Time and again during Tuesday’s testimony, Mr. Greenberg was presented with his own words about the trust, and challenged on why they seemed to conflict with the facts.
But again and again, Mr. Greenberg rebutted the accusations, saying his accusers were taking snippets of his speeches or quoting old documents out of context.
Jurors watched videotapes, for example, of Mr. Greenberg’s speeches to top managers, in which he told them the plan had been funded so generously it might never run out of shares. That seemed to suggest that the retirement plan would be in place indefinitely, Mr. Wells said. But Mr. Greenberg said that he often gave speeches extemporaneously, and no one would expect them to lay out every aspect of the retirement plan, like legal documents.
“This was a motivating speech,” he said. “This was an overview. It was not intended to give you every detail.”
Mr. Greenberg was also asked about a letter he wrote to a reporter at Fortune magazine in 1998, after she wrote an article describing A.I.G. as being owned by “a shadowy offshore company.” Mr. Greenberg said he felt compelled to clarify the purposes of Starr International, or SICO.
“You wrote that the voting shareholders of SICO were ‘fiduciaries for future generations of A.I.G. managers,’ ” said Mr. Wells. “Now, that letter was not a motivational speech, was it?”
Mr. Greenberg agreed that it was not a motivational speech but said it was not an important letter, either. He said it was written by a public relations official, and he had merely “scrawled” his signature on it.
“The statement by itself is not complete,” he said. “The topic is too complex to limit it to one phrase.”
Mr. Greenberg and his lawyers contend that no “compensation trust” as described by A.I.G. ever existed.

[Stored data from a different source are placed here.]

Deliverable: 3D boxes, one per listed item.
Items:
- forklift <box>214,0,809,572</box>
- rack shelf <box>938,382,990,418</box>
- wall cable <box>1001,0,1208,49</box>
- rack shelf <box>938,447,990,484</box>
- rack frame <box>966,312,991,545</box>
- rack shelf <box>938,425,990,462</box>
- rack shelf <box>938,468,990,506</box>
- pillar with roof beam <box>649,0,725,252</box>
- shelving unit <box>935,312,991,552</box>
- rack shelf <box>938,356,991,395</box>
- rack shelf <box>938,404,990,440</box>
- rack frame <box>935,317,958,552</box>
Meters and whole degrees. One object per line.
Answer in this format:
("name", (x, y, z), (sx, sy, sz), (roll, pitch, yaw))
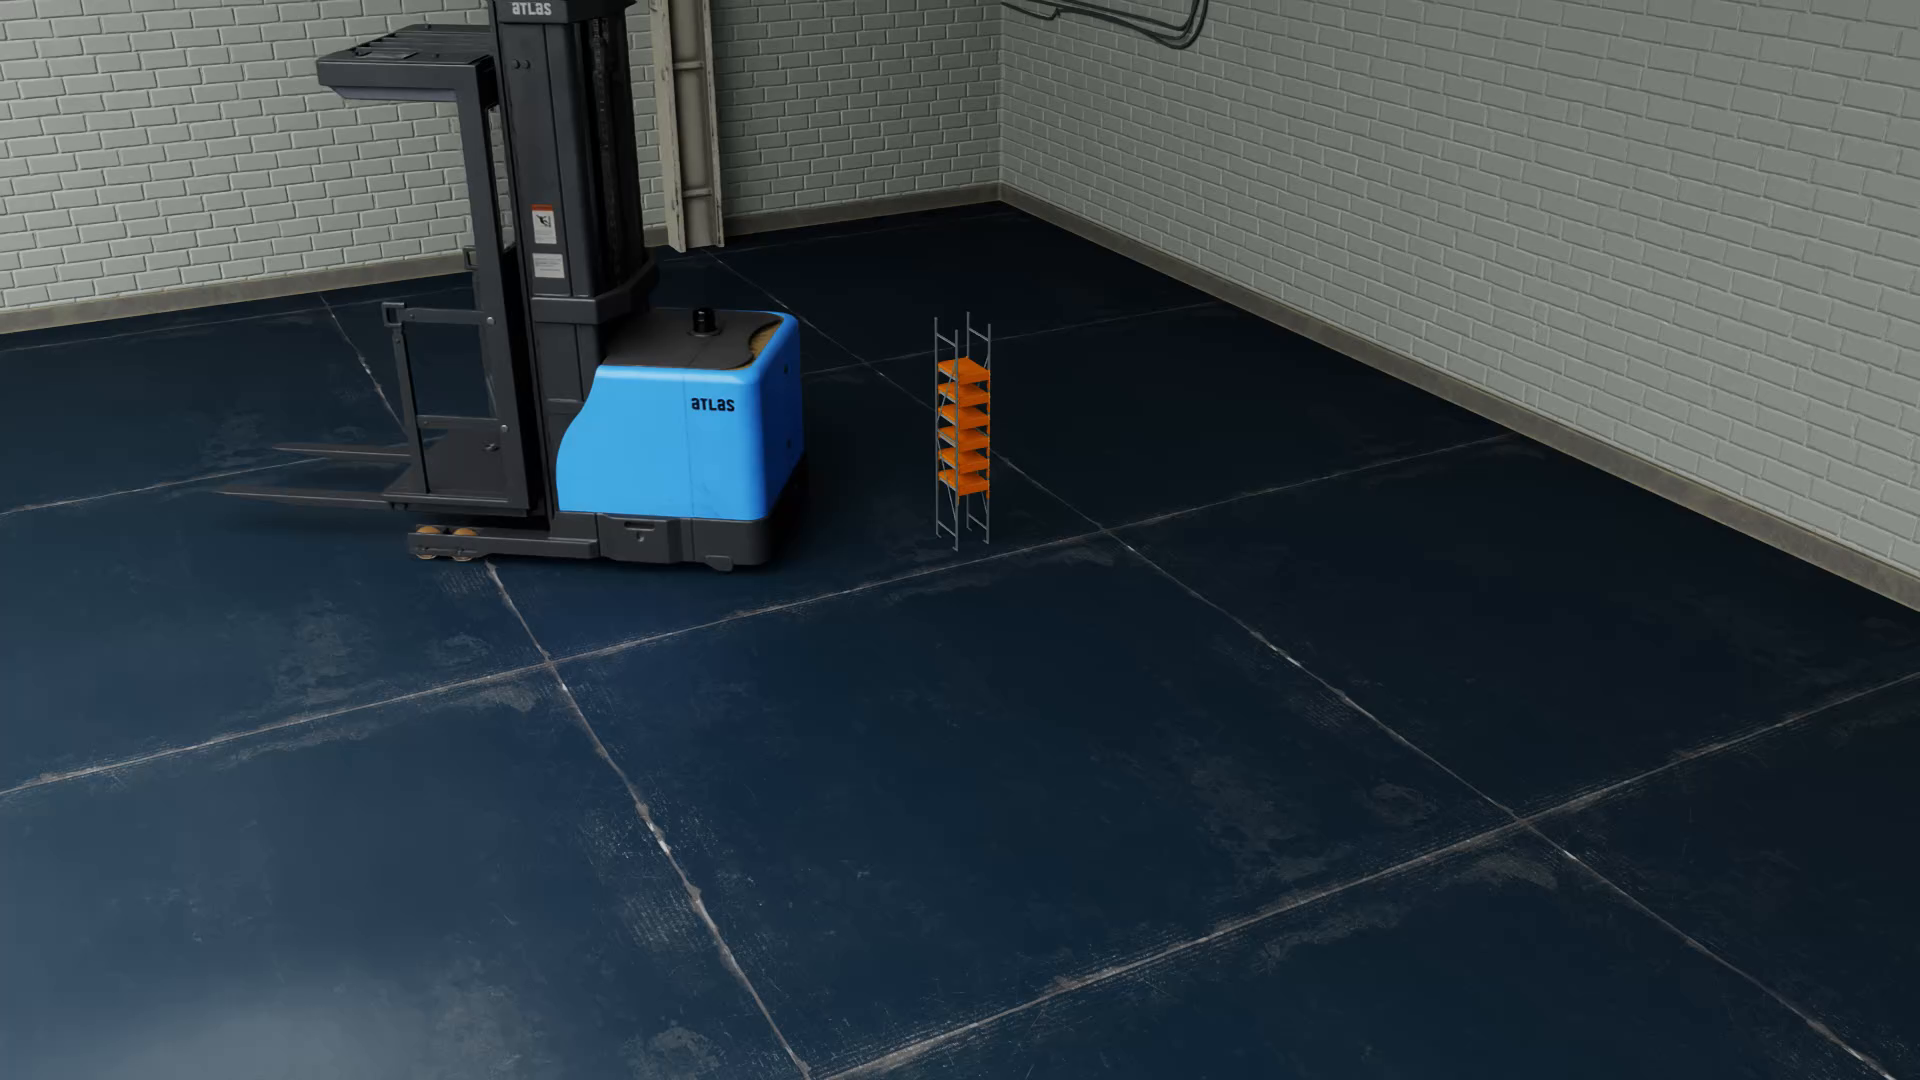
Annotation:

By Mr. Greenberg’s description, the big block of A.I.G. shares financing the retirement plan would instantly revert to a charity affiliated with Starr International if someone tried to take control of the company. The trust had several purposes, fending off corporate raiders among them, he said.
Participants in the retirement plan would still, upon retirement, be able to receive the shares allocated to them until the raid, but at that point they would get no more.
The jury also heard on Tuesday from an A.I.G. executive, Terri Austin, who said she had been a participant in the retirement plan for 10 years, until it was discontinued in 2005. She said that when she received letters signed by Mr. Greenberg welcoming her into the elite plan, some were written on A.I.G. letterhead, and others on Starr International letterhead.
The distinction matters because Mr. Greenberg and his lawyers say the retirement plan belonged to Starr International, not to A.I.G.
Ms. Austin recalled going to meetings of plan participants where Mr. Greenberg said the plan assets “would be held in trust for you,” and called it “unlikely that we would run out of shares to fund the above plan for decades, if ever,” implying that there was a permanent compensation trust.
The jurors are only expected to decide one of the issues in the case: whether Starr International committed “conversion” under Mr. Greenberg’s direction, or improperly used assets for other purposes than they were intended. One juror has been dismissed because he did not speak English well enough to understand the complex issues involved.
The other issue in the case, whether there was a breach of a trust, will be decided by Judge Jed S. Rakoff.
The judge has ruled out any discussion of last year’s bailout of A.I.G., saying it could prejudice the jury. Most of the events being described in the case occurred either in 2005 or in the late 1960s, when Starr International and A.I.G. were re-established in much of their present form.
The case was being held in the Federal District Court for the Southern District of New York.